林子雨、赖永炫、陶继平编著《Spark编程基础》(教材官网)教材中的代码,在纸质教材中的印刷效果,可能会影响读者对代码的理解,为了方便读者正确理解代码或者直接拷贝代码用于上机实验,这里提供全书配套的所有代码。
查看教材所有章节的代码
第5章 RDD编程
scala> val lines = sc.textFile("file:///usr/local/spark/mycode/rdd/word.txt")
lines: org.apache.spark.rdd.RDD[String] = file:///usr/local/spark/mycode/rdd/word.txt MapPartitionsRDD[12] at textFile at <console>:27
scala> val lines = sc.textFile("hdfs://localhost:9000/user/hadoop/word.txt")
scala> val lines = sc.textFile("/user/hadoop/word.txt")
scala> val lines = sc.textFile("word.txt")

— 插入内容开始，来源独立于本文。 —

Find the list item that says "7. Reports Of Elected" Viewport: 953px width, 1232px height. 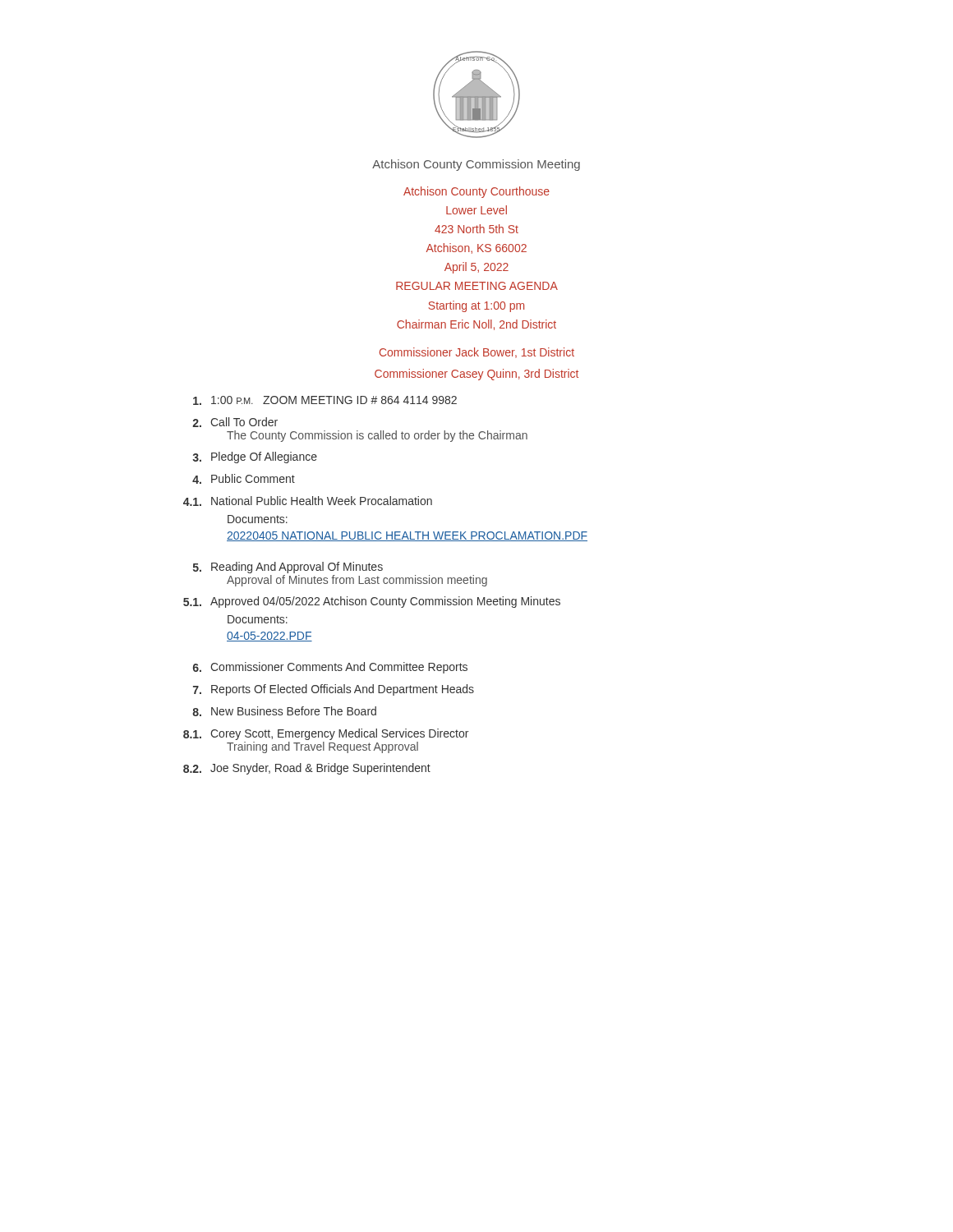pos(476,689)
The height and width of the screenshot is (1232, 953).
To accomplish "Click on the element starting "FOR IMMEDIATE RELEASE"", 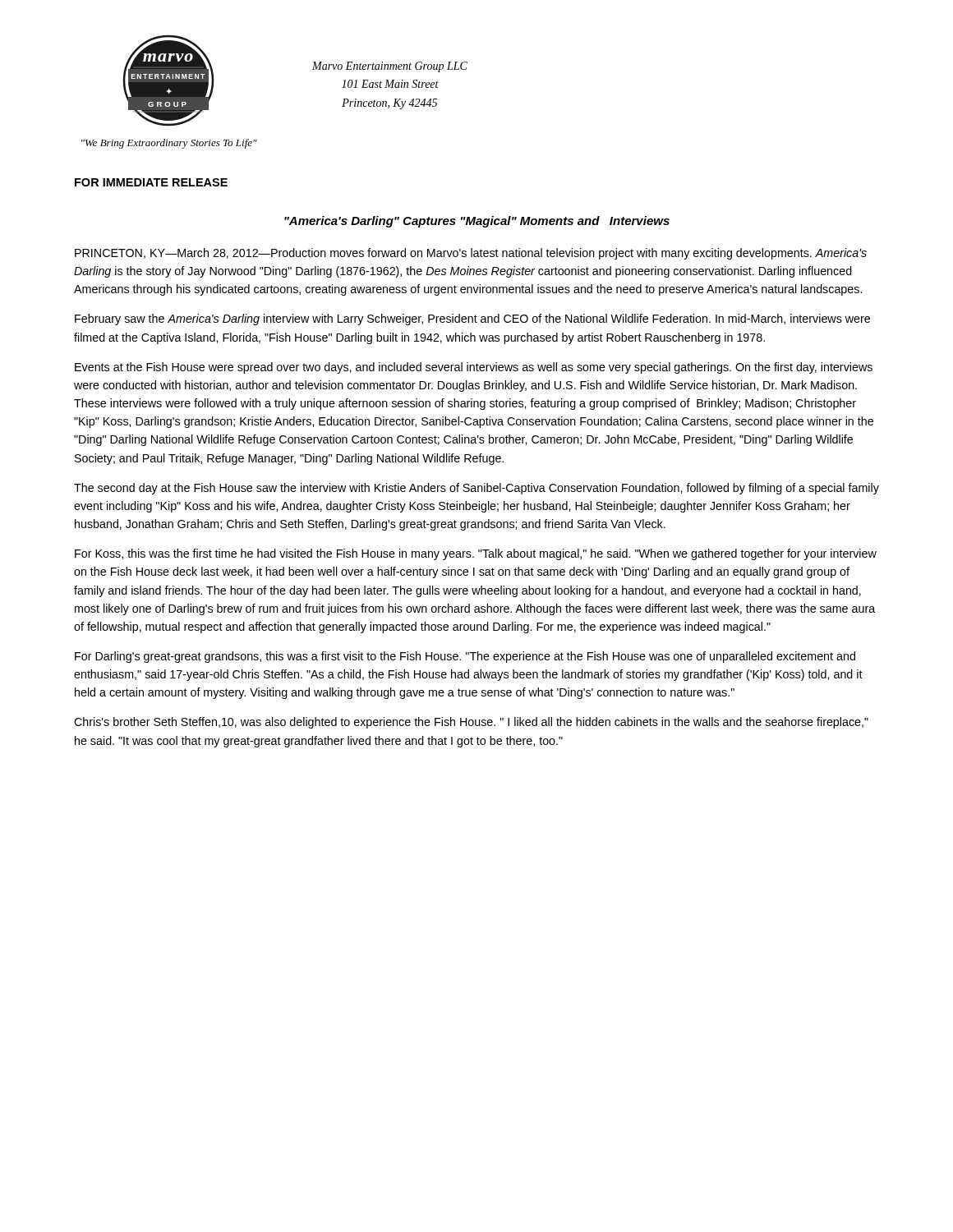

scala> val array = Array(1,2,3,4,5)
scala> val rdd = sc.parallelize(array)
scala> val list = List(1,2,3,4,5)
scala> val rdd = sc.parallelize(list)
scala> val lines = sc.textFile("file:///usr/local/spark/mycode/rdd/word.txt")
scala> val linesWithSpark=lines.filter(line => line.contains("Spark"))
scala> data=Array(1,2,3,4,5)
scala> val rdd1= sc.parallelize(data)
scala> val rdd2=rdd1.map(x=>x+10)
scala> val lines = sc.textFile("file:///usr/local/spark/mycode/rdd/word.txt")
scala> val words=lines.map(line => line.split(" "))
scala> val lines = sc.textFile("file:///usr/local/spark/mycode/rdd/word.txt")
scala> val words=lines.flatMap(line => line.split(" "))
scala> val rdd=sc.parallelize(Array(1,2,3,4,5))
rdd: org.apache.spark.rdd.RDD[Int]=ParallelCollectionRDD[1] at parallelize at <console>:24
scala> rdd.count()
res0: Long = 5
scala> rdd.first()
res1: Int = 1
scala> rdd.take(3)
res2: Array[Int] = Array(1,2,3)
scala> rdd.reduce((a,b)=>a+b)
res3: Int = 15
scala> rdd.collect()
res4: Array[Int] = Array(1,2,3,4,5)
scala> rdd.foreach(elem=>println(elem))
1
2
3
4
5
scala> val lines = sc.textFile("data.txt")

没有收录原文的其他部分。